John Maynard (MP) - Parliamentarian

Parliamentarian

He represented Totnes in both the Short Parliament of 1640 and the Long Parliament, and from the first took an active part in the business of the house. In December 1640 he was placed on the committee of scrutiny into the conduct of lords-lieutenant of counties, and on that for the discovery of the "prime promoters" of the new "canons ecclesiastical" passed in the recent irregular session of convocation. He was also one of the framers of the articles upon which Strafford was impeached, and one of the principal speakers at the trial. He threw himself with great zeal into the affair, and on the passing of the bill of attainder said joyfully to Sir John Bramston, "Now we have done our work. If we could not have effected this we could have done nothing". A strong Presbyterian, he subscribed and administered to the house the protestation of 3 May 1641 in defence of the Protestant religion, and drafted the bill making subscription thereto obligatory on all subjects.

In the committee, which sat at Guildhall after the adjournment of the House of Commons which followed the king's attempt to arrest the five members (4 January 1641/2), he made an eloquent speech in defence of parliamentary privilege.
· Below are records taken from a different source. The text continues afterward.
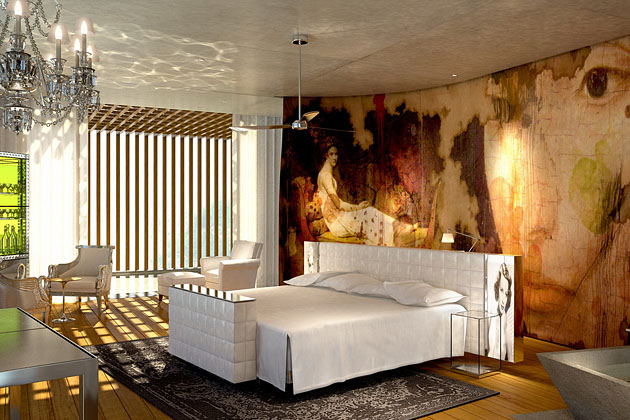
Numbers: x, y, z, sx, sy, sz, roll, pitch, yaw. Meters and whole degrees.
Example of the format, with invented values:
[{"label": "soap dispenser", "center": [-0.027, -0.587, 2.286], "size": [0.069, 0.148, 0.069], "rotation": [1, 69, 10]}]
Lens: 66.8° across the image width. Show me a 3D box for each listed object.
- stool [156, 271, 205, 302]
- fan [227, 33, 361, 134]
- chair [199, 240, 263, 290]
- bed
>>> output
[{"label": "stool", "center": [-2.191, 1.263, 8.091], "size": [0.812, 0.467, 0.798], "rotation": [-1, -3, 44]}, {"label": "fan", "center": [-0.219, -1.755, 6.861], "size": [1.956, 1.208, 1.590], "rotation": [-3, 20, -8]}, {"label": "chair", "center": [-1.416, 0.984, 8.145], "size": [0.834, 0.908, 0.866], "rotation": [-3, 3, -36]}, {"label": "bed", "center": [0.421, 1.182, 5.207], "size": [1.648, 0.703, 2.004], "rotation": [1, -3, -32]}]
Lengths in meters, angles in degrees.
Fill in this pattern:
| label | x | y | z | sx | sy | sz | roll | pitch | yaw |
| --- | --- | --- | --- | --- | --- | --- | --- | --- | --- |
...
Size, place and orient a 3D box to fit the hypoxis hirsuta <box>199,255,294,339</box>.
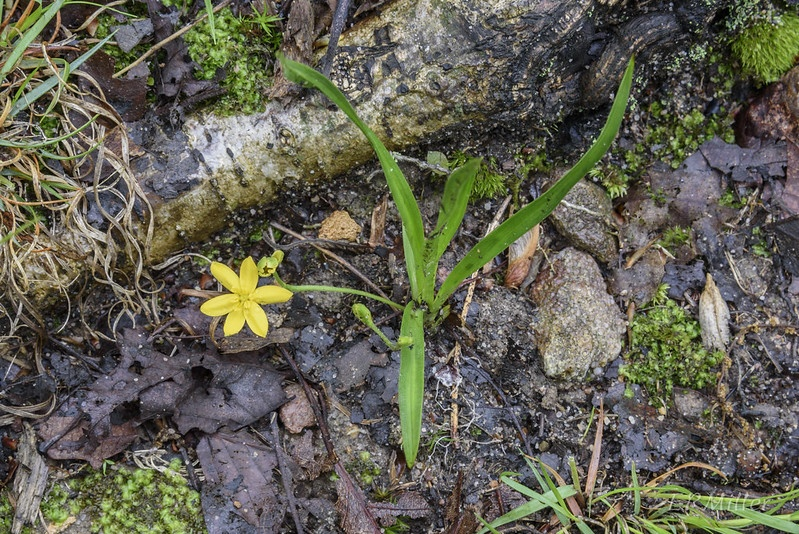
| label | x | y | z | sx | sy | sz | roll | pitch | yaw |
| --- | --- | --- | --- | --- | --- | --- | --- | --- | --- |
| hypoxis hirsuta | -0.809 | 0.156 | 3.771 | 0.593 | 0.151 | 0.605 | 25 | 13 | -49 |
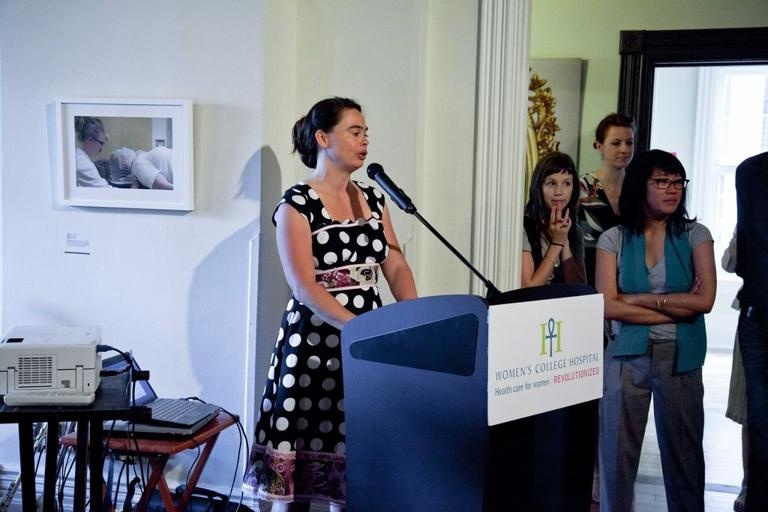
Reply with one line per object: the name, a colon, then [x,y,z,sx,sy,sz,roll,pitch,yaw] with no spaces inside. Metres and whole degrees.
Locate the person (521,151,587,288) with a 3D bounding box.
person: [1.084,-0.251,4.021,0.395,0.838,0.544,1,5,15]

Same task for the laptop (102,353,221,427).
laptop: [-1.071,0.729,3.105,0.386,0.266,0.417,5,6,12]

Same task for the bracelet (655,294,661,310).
bracelet: [1.420,0.250,3.283,0.013,0.052,0.027,-1,5,-27]

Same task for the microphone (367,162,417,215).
microphone: [0.025,-0.299,2.763,0.188,0.215,0.317,-1,5,-2]

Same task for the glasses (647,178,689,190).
glasses: [1.528,-0.380,3.355,0.243,0.060,0.095,-3,6,-28]

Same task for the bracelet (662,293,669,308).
bracelet: [1.445,0.228,3.257,0.011,0.050,0.035,13,-13,-36]

In the following May he accepted a deputy-lieutenancy of militia under the parliament, and on 12 June 1643 was nominated a member of the Westminster Assembly of Divines. He took the covenant on 25 September following, and was one of the managers of the impeachment of William Laud in January–March 1643/4. With his friend Bulstrode Whitelocke, Maynard attended, by Essex's invitation, a meeting of the anti-Cromwellian faction, held at Essex House in December 1644, to discuss the expediency of taking public action against Cromwell as an ‘incendiary.' The idea, which seems to have originated with the Lord Chancellor of Scotland Loudon, met with no favour from the English lawyers, and was in consequence abandoned.

A curious testimony to Maynard's reputation at this time is afforded by a grant made in his favour by parliament in October 1645 of the books and manuscripts of the late Lord Chief Justice Bankes, with liberty to seize them wherever he might find them. In the House of Commons he was heard with the profoundest respect, while he advocated the abolition of feudal wardships and other salutary legal reforms. He also prospered mightily in his profession, making in the course of the summer circuit of 1647 the unprecedentedly large sum of £700. As a politician he was a strict constitutionalist, protested against the first steps taken towards the deposition of the king, and on the adoption of that policy withdrew from the house as no longer a lawful assembly (November 1648).